*** Begin section ***

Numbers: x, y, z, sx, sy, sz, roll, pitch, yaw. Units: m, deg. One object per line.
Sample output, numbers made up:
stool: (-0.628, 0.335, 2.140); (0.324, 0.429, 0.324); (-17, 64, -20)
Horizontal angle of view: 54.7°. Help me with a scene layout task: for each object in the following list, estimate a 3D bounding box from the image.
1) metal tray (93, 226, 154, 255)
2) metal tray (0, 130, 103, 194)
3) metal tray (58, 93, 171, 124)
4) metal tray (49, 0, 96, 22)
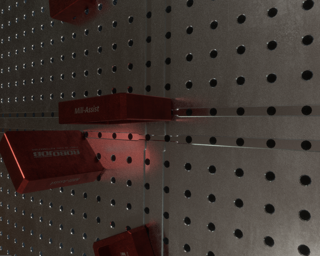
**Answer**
metal tray: (-0.042, 0.215, 0.438); (0.090, 0.030, 0.129); (-31, 71, 35)
metal tray: (-0.163, 0.046, 0.472); (0.030, 0.131, 0.090); (-52, 60, 27)
metal tray: (-0.062, -0.022, 0.415); (0.130, 0.091, 0.030); (-2, 88, 39)
metal tray: (-0.156, -0.261, 0.532); (0.090, 0.030, 0.129); (-12, 83, 39)

*** End section ***

→ **Task to carry out**: Which lines above include the word "object"? Return each one.

→ **Result of this task**:
Numbers: x, y, z, sx, sy, sz, roll, pitch, yaw. Units: m, deg. One object per line.
Horizontal angle of view: 54.7°. Help me with a scene layout task: for each object in the following list, estimate a 3D bounding box from the image.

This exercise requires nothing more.